The PPF will be able to support open schemes as well as closed ones. This would reduce the pressure on open schemes to close. The PPF should become a real safety net enabling companies to take a long view of their open schemes, thereby saving them having to make provision for short run market volatility as risk, reducing the cost of pensions. A consequence of this will be greater confidence in DB schemes many fewer scheme closures.

April 05, 2018

Call for rethink on regulations based on the USS dispute

This letter by two senior pensions professionals, Frank Curtiss and Tim Wilkinson, published recently in the Financial Time sets out with absolute clarity how it is badly thought out regulation that is harming pensions.

They say, “actuarial and accounting standards, bolstered by several pensions acts, have become alarmingly divorced from the economic reality of running a defined benefit scheme.”
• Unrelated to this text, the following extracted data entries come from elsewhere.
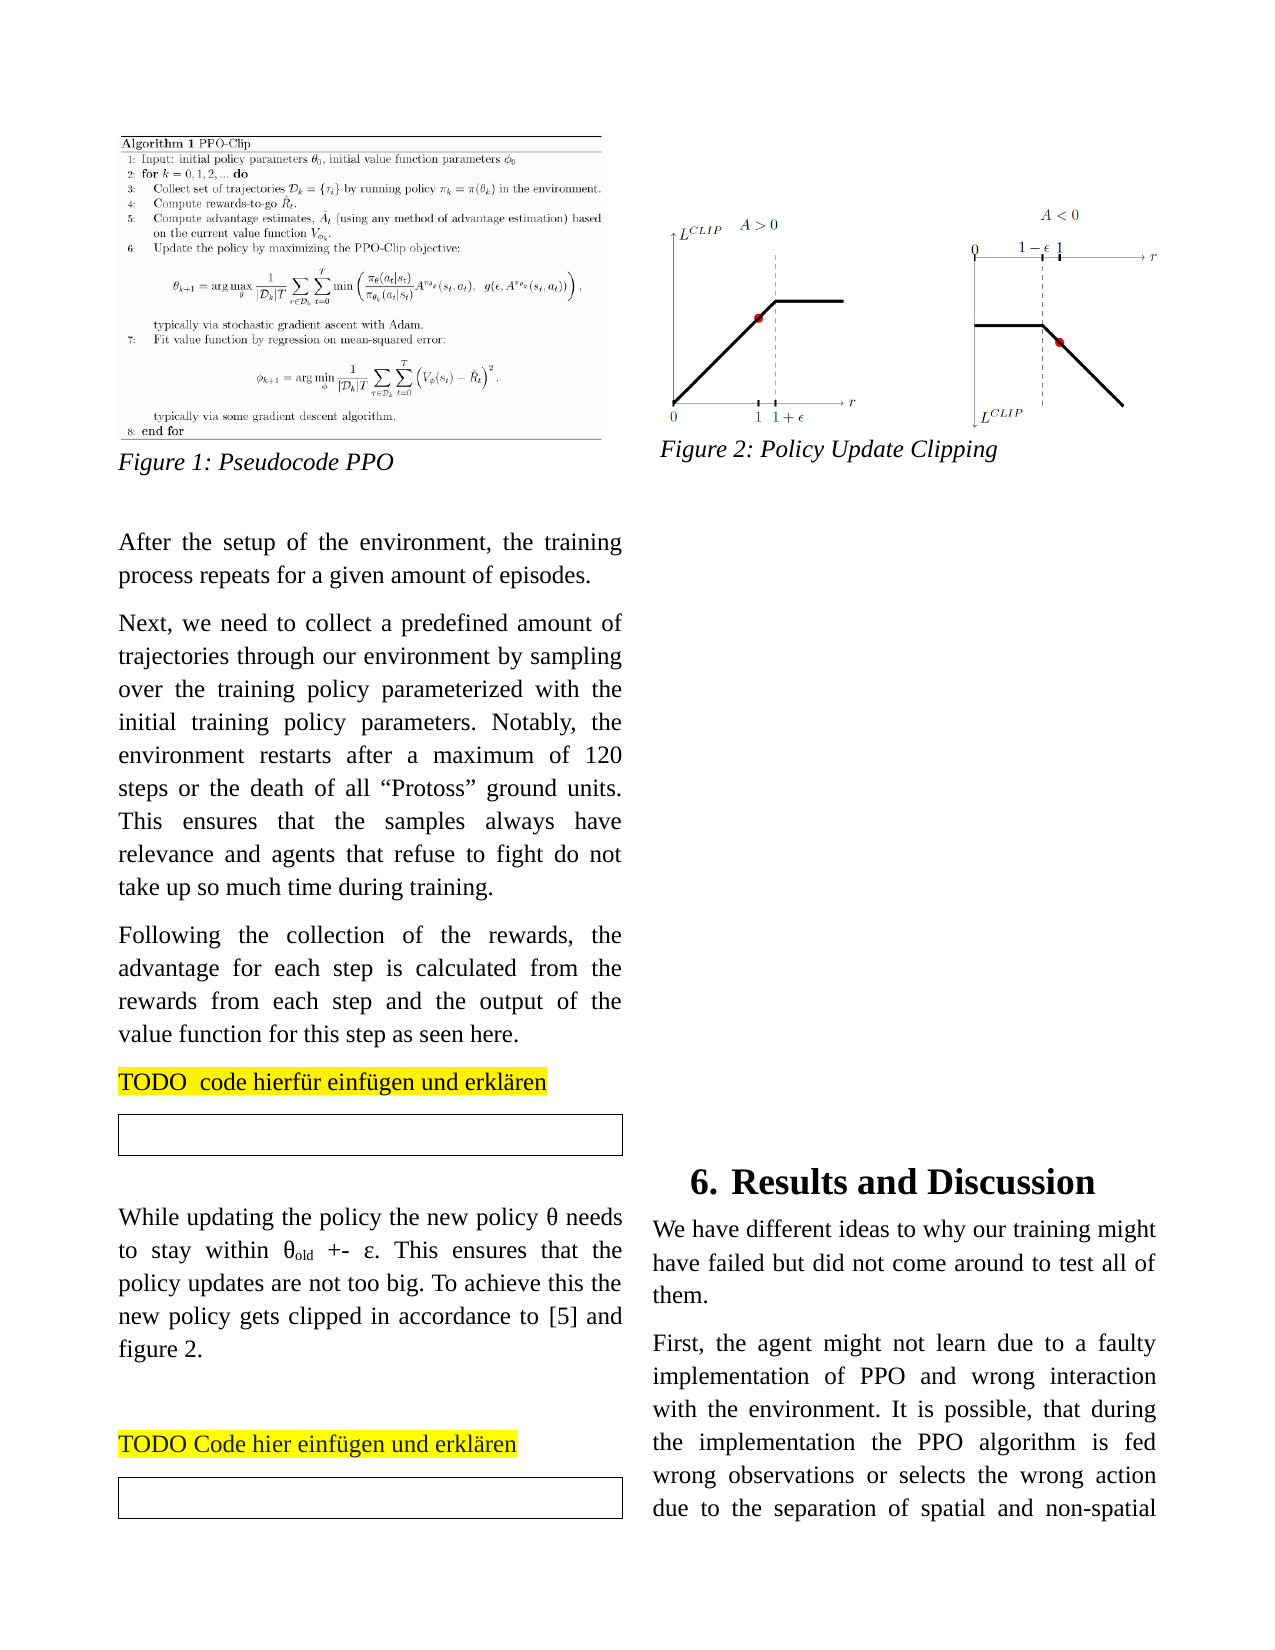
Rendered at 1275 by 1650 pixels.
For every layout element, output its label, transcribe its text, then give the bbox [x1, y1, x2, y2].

text After the setup of the environment, the training process repeats for a given amount of episodes. [118, 527, 622, 589]
text Figure 1: Pseudocode PPO [118, 442, 608, 476]
table_header [119, 1478, 622, 1517]
table_header [119, 1115, 622, 1154]
text First, the agent might not learn due to a faulty implementation of PPO and wrong interaction with the environment. It is possible, that during the implementation the PPO algorithm is fed wrong observations or selects the wrong action due to the separation of spatial and non-spatial [652, 1328, 1157, 1522]
text Next, we need to collect a predefined amount of trajectories through our environment by sampling over the training policy parameterized with the initial training policy parameters. Notably, the environment restarts after a maximum of 120 steps or the death of all “Protoss” ground units. This ensures that the samples always have relevance and agents that refuse to fight do not take up so much time during training. [118, 608, 622, 901]
subtitle Results and Discussion [690, 1159, 1157, 1203]
text Following the collection of the rewards, the advantage for each step is calculated from the rewards from each step and the output of the value function for this step as seen here. [118, 920, 622, 1048]
text We have different ideas to why our training might have failed but did not come around to test all of them. [652, 1214, 1157, 1309]
text Figure 2: Policy Update Clipping [660, 429, 1164, 463]
text While updating the policy the new policy θ needs to stay within θold +- ε. This ensures that the policy updates are not too big. To achieve this the new policy gets clipped in accordance to [5] and figure 2. [118, 1202, 622, 1363]
picture [659, 196, 1165, 429]
text TODO code hierfür einfügen und erklären [118, 1067, 622, 1095]
picture [117, 131, 608, 442]
text TODO Code hier einfügen und erklären [118, 1429, 622, 1458]
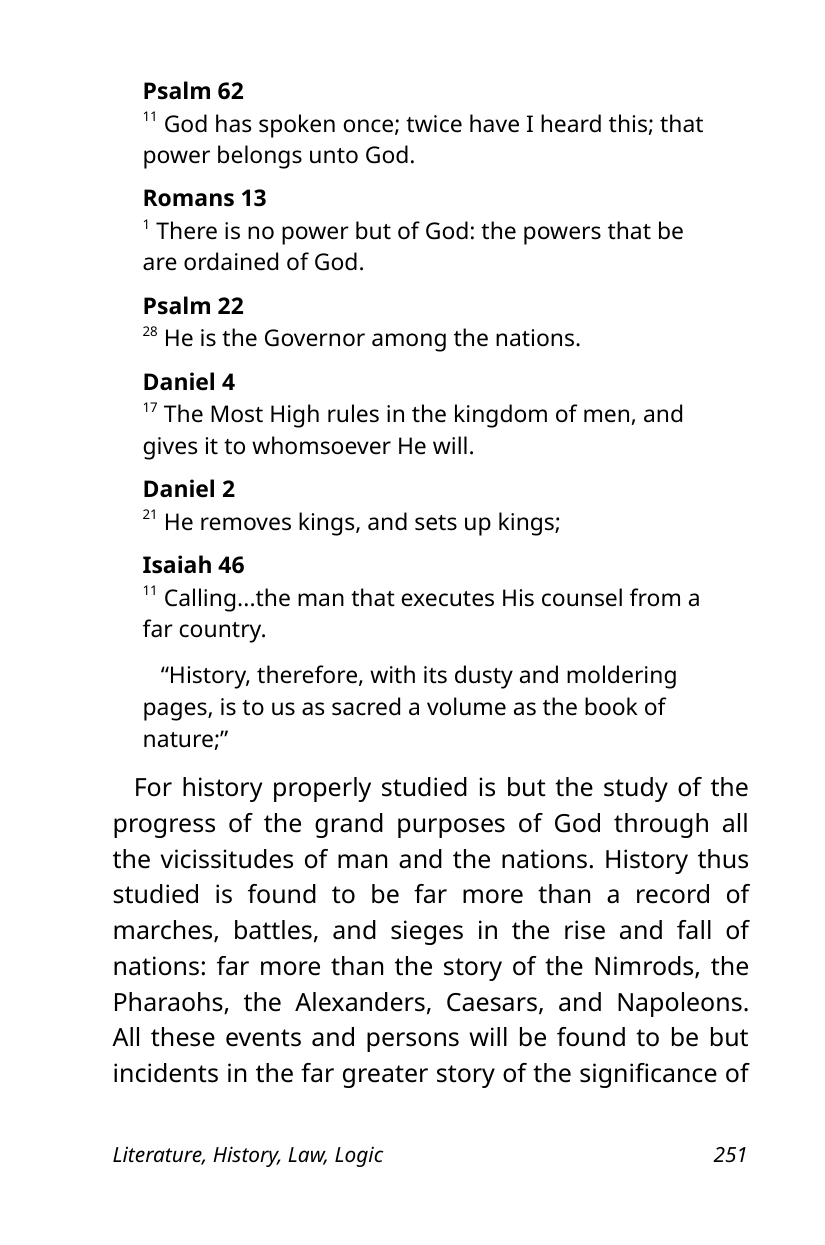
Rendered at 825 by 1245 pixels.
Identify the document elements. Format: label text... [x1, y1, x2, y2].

text Daniel 4 [142, 366, 750, 397]
text “History, therefore, with its dusty and moldering pages, is to us as sacred a volume as the book of nature;” [142, 659, 720, 754]
text 28 He is the Governor among the nations. [142, 322, 720, 353]
text For history properly studied is but the study of the progress of the grand purposes of God through all the vicissitudes of man and the nations. History thus studied is found to be far more than a record of marches, battles, and sieges in the rise and fall of nations: far more than the story of the Nimrods, the Pharaohs, the Alexanders, Caesars, and Napoleons. All these events and persons will be found to be but incidents in the far greater story of the significance of [112, 770, 750, 1090]
text 21 He removes kings, and sets up kings; [142, 506, 720, 537]
text 11 Calling...the man that executes His counsel from a far country. [142, 582, 720, 644]
text Daniel 2 [142, 473, 750, 504]
text 1 There is no power but of God: the powers that be are ordained of God. [142, 215, 720, 277]
text Isaiah 46 [142, 549, 750, 580]
text Psalm 62 [142, 75, 750, 106]
text 11 God has spoken once; twice have I heard this; that power belongs unto God. [142, 108, 720, 170]
text Psalm 22 [142, 289, 750, 321]
text Romans 13 [142, 182, 750, 213]
text 17 The Most High rules in the kingdom of men, and gives it to whomsoever He will. [142, 398, 720, 461]
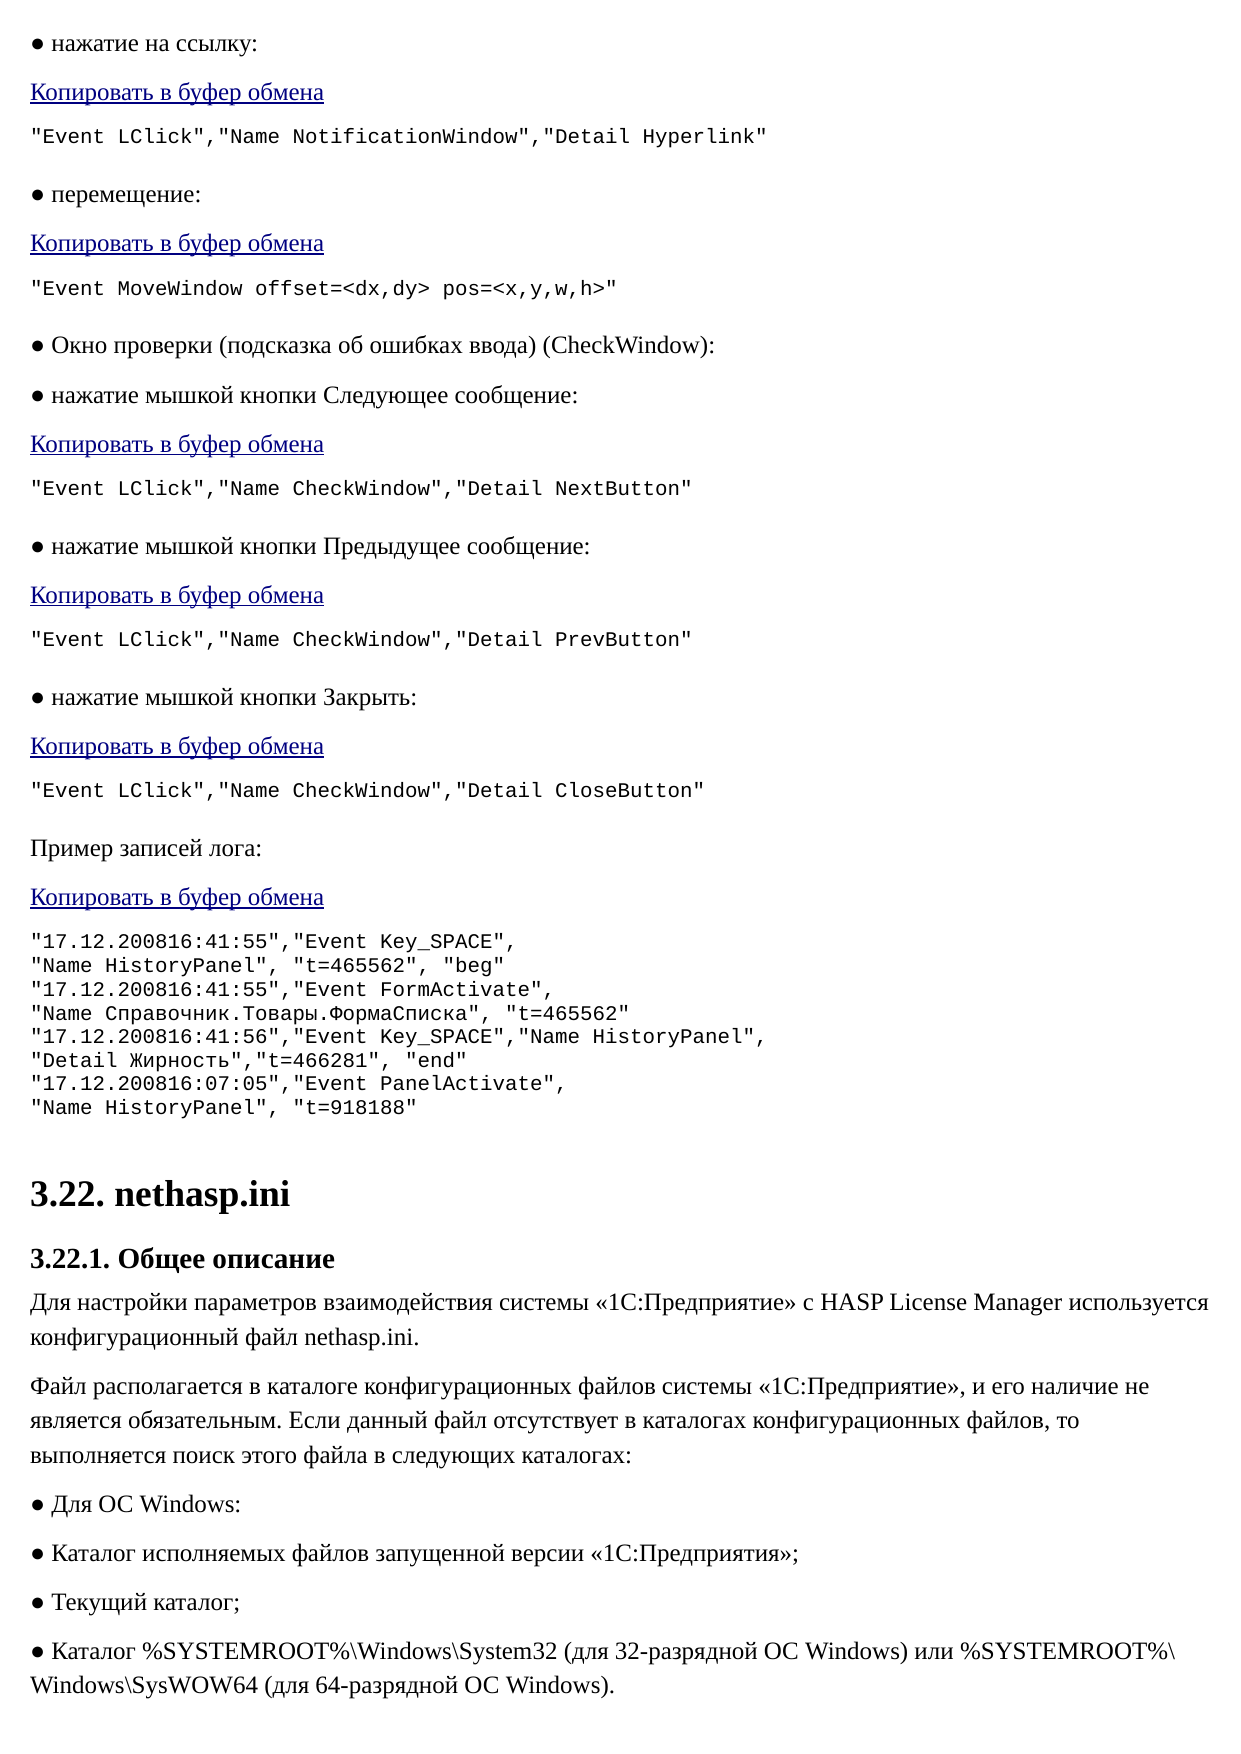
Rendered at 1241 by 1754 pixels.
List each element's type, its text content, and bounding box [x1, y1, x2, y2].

text ● нажатие на ссылку: [30, 28, 1211, 57]
text "Event LClick","Name NotificationWindow","Detail Hyperlink" [30, 126, 1211, 150]
text ● Каталог исполняемых файлов запущенной версии «1С:Предприятия»; [30, 1538, 1211, 1567]
text "Event LClick","Name CheckWindow","Detail NextButton" [30, 478, 1211, 501]
text "Event LClick","Name CheckWindow","Detail PrevButton" [30, 629, 1211, 653]
text ● Окно проверки (подсказка об ошибках ввода) (CheckWindow): [30, 331, 1211, 359]
text Копировать в буфер обмена [30, 882, 1211, 911]
text ● Для ОС Windows: [30, 1489, 1211, 1518]
text "Name HistoryPanel", "t=465562", "beg" [30, 955, 1211, 979]
text Для настройки параметров взаимодействия системы «1С:Предприятие» с HASP License Manager используется конфигурационный файл nethasp.ini. [30, 1287, 1211, 1351]
text Копировать в буфер обмена [30, 228, 1211, 257]
text ● Каталог %SYSTEMROOT%\Windows\System32 (для 32-разрядной ОС Windows) или %SYSTEMROOT%\Windows\SysWOW64 (для 64-разрядной ОС Windows). [30, 1636, 1211, 1699]
text Копировать в буфер обмена [30, 77, 1211, 106]
text Копировать в буфер обмена [30, 731, 1211, 760]
text "Name Справочник.Товары.ФормаСписка", "t=465562" [30, 1002, 1211, 1026]
subtitle 3.22. nethasp.ini [30, 1171, 1211, 1214]
text "17.12.200816:41:55","Event FormActivate", [30, 979, 1211, 1002]
text "17.12.200816:41:56","Event Key_SPACE","Name HistoryPanel", [30, 1026, 1211, 1050]
text "17.12.200816:07:05","Event PanelActivate", [30, 1073, 1211, 1097]
subtitle 3.22.1. Общее описание [30, 1241, 1211, 1275]
text Копировать в буфер обмена [30, 429, 1211, 457]
text ● нажатие мышкой кнопки Следующее сообщение: [30, 380, 1211, 408]
text ● нажатие мышкой кнопки Предыдущее сообщение: [30, 531, 1211, 560]
text ● Текущий каталог; [30, 1587, 1211, 1616]
text "17.12.200816:41:55","Event Key_SPACE", [30, 932, 1211, 955]
text Файл располагается в каталоге конфигурационных файлов системы «1С:Предприятие», и его наличие не является обязательным. Если данный файл отсутствует в каталогах конфигурационных файлов, то выполняется поиск этого файла в следующих каталогах: [30, 1371, 1211, 1468]
text Пример записей лога: [30, 833, 1211, 862]
text "Detail Жирность","t=466281", "end" [30, 1050, 1211, 1073]
text Копировать в буфер обмена [30, 580, 1211, 609]
text "Event MoveWindow offset=<dx,dy> pos=<x,y,w,h>" [30, 277, 1211, 301]
text "Name HistoryPanel", "t=918188" [30, 1097, 1211, 1121]
text "Event LClick","Name CheckWindow","Detail CloseButton" [30, 780, 1211, 804]
text ● перемещение: [30, 179, 1211, 208]
text ● нажатие мышкой кнопки Закрыть: [30, 682, 1211, 711]

They suggest that the employers’ body, the UUK, and the members’ union, the UCU, combine forces and effect “a shift in the regulatory balance back towards a sensible view of real-world pension costs” and call for “A sustained large-scale academic assault on decades of regulators’ mistaken focus on point-in-time market values and inappropriate discount rates”

curtiss and wilkinson

March 24, 2018

Why the UCU should not leave the USS valuation to the proposed panel of selected experts

I have serious concerns about the latest proposal agreed between the UCU and UUK to set up an expert panel and agree to whatever they come up with. The panel is to be made up of both actuaries and academics with an ‘independent’ chair.

The UCU general secretary Sally Hunt has written to members recommending it but I find her approach worrying. She is approaching the issue of the pension scheme valuation as if it is a wage negotiation where two sides present their positions and there is a compromise; it is simply a matter of more or less money. This way of looking at the issue is worrying since it concedes too much and ignores the main point.

The issue is about the methodology that is being applied. It is also about language. It is hard to see how there can be much compromise when two sides use the same words to mean different things.

The fact is that the scheme is – literally – not in deficit. It is in large cash surplus year after year. That is a matter of plain fact. There can be no argument about it. It is not putting an optimistic gloss on assumptions or theories about the future. It is to merely to use the words to describe the state of the scheme in their ordinary meaning. Deficit: “The total amount by which money spent is more than money received”.

By contrast the employers use the word ‘deficit’ as a technical term which belongs to a particular theoretical approach. It measures the difference between capitalised values of assets and projected benefits calculated on very strong assumptions.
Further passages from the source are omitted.